• Aim of the task: Among the lines of the records, find all that carry the word "item" and copy them.

---------- Information

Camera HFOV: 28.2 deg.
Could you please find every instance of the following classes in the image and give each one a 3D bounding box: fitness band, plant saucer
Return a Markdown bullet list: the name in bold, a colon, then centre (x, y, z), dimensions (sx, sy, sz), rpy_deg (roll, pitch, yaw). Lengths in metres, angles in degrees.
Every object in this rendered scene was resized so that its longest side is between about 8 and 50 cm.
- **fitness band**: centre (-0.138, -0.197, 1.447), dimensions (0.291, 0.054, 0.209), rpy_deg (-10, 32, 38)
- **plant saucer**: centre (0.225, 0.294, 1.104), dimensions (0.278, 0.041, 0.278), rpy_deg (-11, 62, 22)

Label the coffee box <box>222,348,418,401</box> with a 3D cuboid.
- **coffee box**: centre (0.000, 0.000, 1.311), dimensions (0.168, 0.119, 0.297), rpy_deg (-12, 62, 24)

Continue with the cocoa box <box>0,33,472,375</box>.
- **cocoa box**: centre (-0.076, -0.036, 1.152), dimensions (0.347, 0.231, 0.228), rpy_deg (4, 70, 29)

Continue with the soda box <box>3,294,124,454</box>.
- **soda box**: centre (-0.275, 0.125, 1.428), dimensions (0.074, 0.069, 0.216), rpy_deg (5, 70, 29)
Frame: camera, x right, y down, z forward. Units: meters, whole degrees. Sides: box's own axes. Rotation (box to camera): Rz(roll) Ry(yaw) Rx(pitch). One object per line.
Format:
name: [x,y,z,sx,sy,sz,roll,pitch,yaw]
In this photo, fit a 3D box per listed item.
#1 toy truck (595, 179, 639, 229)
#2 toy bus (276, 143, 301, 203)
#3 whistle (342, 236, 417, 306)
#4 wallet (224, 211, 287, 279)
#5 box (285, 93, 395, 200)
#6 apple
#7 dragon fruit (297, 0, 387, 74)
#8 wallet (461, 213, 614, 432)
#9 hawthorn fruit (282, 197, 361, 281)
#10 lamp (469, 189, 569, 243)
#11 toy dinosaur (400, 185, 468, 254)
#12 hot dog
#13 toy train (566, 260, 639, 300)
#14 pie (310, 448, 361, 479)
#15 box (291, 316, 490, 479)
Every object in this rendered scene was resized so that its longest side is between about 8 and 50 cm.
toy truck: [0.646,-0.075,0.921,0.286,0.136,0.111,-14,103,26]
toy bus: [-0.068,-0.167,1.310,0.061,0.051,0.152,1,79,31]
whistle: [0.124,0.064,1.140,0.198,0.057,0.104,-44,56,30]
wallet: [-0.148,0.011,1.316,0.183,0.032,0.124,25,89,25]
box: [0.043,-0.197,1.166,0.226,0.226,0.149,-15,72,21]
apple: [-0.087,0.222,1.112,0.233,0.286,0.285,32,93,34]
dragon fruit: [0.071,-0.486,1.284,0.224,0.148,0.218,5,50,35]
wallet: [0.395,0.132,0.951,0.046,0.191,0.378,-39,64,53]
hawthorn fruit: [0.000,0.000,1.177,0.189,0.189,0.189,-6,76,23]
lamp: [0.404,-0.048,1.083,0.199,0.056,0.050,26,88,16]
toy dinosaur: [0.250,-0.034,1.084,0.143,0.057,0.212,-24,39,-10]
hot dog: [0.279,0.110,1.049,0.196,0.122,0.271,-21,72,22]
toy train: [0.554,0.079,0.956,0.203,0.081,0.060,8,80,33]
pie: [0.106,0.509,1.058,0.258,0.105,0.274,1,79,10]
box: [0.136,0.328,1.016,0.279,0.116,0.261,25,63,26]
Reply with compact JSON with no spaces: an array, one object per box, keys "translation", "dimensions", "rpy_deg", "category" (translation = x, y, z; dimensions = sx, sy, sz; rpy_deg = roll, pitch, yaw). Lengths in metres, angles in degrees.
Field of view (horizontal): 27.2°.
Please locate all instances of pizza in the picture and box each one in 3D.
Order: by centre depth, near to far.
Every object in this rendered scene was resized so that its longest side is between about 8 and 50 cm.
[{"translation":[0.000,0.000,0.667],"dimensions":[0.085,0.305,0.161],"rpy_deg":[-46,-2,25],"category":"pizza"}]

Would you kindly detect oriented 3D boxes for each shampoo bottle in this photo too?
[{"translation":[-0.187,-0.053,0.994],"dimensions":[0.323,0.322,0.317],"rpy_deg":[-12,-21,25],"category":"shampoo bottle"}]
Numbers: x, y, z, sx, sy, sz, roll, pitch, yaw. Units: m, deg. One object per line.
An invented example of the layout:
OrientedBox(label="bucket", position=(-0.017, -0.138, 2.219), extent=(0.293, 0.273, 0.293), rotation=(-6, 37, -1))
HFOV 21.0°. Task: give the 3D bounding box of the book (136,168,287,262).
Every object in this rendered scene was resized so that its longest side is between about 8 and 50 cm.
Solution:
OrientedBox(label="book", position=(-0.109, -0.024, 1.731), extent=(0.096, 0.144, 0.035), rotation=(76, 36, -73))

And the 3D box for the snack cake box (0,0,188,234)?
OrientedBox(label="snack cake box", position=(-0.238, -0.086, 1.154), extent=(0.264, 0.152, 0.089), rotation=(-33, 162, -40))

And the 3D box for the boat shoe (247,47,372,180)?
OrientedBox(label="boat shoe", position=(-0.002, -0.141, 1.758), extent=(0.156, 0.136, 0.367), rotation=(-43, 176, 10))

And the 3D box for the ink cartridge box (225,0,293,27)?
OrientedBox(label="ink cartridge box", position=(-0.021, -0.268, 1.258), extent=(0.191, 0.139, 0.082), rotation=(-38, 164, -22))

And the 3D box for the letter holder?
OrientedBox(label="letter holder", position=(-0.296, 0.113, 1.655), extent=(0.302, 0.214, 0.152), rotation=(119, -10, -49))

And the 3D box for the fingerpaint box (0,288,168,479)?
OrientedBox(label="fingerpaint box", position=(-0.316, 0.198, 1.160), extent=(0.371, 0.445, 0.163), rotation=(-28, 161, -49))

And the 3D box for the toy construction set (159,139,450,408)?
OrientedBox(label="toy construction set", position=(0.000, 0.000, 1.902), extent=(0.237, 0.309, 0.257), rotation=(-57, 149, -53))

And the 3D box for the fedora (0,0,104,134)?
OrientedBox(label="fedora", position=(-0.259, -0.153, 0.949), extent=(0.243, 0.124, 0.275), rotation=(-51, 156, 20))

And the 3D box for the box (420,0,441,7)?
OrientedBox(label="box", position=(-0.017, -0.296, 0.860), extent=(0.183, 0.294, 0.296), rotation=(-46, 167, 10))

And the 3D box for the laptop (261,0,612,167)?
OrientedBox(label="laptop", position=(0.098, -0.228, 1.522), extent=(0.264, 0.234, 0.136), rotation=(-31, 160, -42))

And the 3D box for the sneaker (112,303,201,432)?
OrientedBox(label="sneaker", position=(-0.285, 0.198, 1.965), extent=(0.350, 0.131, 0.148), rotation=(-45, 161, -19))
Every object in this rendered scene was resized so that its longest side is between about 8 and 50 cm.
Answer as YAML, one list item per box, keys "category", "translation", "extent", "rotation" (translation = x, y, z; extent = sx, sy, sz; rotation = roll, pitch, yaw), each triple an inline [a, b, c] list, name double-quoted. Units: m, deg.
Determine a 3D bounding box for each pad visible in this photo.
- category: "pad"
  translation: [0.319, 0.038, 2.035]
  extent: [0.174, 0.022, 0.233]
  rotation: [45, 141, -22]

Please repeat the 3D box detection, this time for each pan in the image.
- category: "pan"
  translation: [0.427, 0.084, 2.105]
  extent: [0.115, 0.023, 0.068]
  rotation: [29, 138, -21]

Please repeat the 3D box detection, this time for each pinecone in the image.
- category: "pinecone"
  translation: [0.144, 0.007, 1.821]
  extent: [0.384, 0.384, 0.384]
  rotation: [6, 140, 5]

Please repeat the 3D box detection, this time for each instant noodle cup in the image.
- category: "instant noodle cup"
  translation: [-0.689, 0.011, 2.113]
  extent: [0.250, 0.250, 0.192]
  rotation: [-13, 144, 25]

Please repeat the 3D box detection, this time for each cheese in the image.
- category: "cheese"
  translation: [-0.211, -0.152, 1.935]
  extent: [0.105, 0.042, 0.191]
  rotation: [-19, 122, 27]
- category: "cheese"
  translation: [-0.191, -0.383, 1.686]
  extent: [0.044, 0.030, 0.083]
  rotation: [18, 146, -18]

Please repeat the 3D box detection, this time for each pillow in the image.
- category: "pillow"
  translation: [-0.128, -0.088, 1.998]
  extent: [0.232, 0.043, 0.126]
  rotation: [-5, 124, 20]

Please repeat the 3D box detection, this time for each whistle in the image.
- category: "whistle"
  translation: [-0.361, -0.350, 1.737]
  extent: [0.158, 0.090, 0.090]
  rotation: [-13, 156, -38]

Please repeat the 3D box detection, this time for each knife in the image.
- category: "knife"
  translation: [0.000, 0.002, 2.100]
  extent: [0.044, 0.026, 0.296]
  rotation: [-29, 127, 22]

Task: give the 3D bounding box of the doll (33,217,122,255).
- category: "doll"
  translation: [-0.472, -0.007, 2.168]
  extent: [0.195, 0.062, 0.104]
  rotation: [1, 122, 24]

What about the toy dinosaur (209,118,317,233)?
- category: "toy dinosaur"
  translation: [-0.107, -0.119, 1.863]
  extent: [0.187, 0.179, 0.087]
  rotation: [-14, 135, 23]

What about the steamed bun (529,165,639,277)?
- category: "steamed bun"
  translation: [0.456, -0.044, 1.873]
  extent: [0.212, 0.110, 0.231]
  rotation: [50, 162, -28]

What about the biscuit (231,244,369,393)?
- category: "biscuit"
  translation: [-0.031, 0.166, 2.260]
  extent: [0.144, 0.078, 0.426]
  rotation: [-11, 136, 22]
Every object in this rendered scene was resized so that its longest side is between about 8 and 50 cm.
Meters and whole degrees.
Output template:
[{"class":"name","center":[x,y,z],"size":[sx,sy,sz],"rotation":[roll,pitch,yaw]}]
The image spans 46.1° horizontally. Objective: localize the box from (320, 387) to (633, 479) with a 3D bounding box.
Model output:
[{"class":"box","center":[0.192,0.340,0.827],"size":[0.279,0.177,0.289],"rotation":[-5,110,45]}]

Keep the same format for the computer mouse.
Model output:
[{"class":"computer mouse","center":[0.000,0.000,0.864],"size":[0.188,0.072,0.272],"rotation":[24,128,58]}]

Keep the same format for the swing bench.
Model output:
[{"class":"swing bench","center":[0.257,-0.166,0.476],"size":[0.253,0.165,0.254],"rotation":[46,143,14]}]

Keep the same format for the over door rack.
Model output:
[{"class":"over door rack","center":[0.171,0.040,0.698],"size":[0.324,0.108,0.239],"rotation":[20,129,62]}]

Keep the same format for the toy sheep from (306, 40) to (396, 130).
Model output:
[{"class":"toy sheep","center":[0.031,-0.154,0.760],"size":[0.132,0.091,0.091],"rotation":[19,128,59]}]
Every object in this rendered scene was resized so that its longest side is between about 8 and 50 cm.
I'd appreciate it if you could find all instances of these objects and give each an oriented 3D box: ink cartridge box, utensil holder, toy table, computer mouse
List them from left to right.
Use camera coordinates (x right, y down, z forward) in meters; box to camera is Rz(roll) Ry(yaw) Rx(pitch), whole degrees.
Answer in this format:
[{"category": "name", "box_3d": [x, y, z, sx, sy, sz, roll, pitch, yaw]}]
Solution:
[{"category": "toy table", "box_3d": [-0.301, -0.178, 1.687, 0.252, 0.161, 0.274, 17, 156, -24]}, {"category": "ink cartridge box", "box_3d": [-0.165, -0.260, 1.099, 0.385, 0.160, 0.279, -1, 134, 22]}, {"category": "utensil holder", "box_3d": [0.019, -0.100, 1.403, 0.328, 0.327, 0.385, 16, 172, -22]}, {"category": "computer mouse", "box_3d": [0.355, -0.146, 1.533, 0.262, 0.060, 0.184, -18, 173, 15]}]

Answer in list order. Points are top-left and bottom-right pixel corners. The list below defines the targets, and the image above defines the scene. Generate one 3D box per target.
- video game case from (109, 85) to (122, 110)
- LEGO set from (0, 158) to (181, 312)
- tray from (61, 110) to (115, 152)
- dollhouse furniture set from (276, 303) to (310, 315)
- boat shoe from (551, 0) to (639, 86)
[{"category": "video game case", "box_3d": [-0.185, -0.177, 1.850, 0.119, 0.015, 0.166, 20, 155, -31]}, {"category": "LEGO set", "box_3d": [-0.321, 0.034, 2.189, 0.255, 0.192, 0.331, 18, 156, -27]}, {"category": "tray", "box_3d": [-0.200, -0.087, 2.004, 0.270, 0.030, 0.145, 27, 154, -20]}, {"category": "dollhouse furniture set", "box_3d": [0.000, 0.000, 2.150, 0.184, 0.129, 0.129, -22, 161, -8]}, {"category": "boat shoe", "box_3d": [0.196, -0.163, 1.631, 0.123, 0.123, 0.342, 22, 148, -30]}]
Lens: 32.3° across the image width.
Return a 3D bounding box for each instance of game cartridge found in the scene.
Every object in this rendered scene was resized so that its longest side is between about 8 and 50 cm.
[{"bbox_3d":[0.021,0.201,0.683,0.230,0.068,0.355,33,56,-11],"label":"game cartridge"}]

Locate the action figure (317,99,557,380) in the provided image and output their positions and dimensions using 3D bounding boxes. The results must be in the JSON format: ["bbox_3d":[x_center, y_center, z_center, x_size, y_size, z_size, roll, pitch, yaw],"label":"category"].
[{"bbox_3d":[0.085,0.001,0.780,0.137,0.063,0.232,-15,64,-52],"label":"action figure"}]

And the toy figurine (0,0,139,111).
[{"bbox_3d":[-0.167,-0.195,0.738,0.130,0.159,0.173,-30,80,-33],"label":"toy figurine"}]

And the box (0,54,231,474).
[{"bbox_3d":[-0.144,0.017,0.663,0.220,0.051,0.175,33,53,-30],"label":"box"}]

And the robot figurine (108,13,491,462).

--------------------

• Exercise response:
In this photo, fit a 3D box per listed item.
Answer as YAML, one list item per box, keys "category", "translation", "extent", "rotation" (translation = x, y, z; extent = sx, sy, sz; rotation = roll, pitch, yaw), each triple an inline [a, b, c] list, name double-quoted. Units: m, deg.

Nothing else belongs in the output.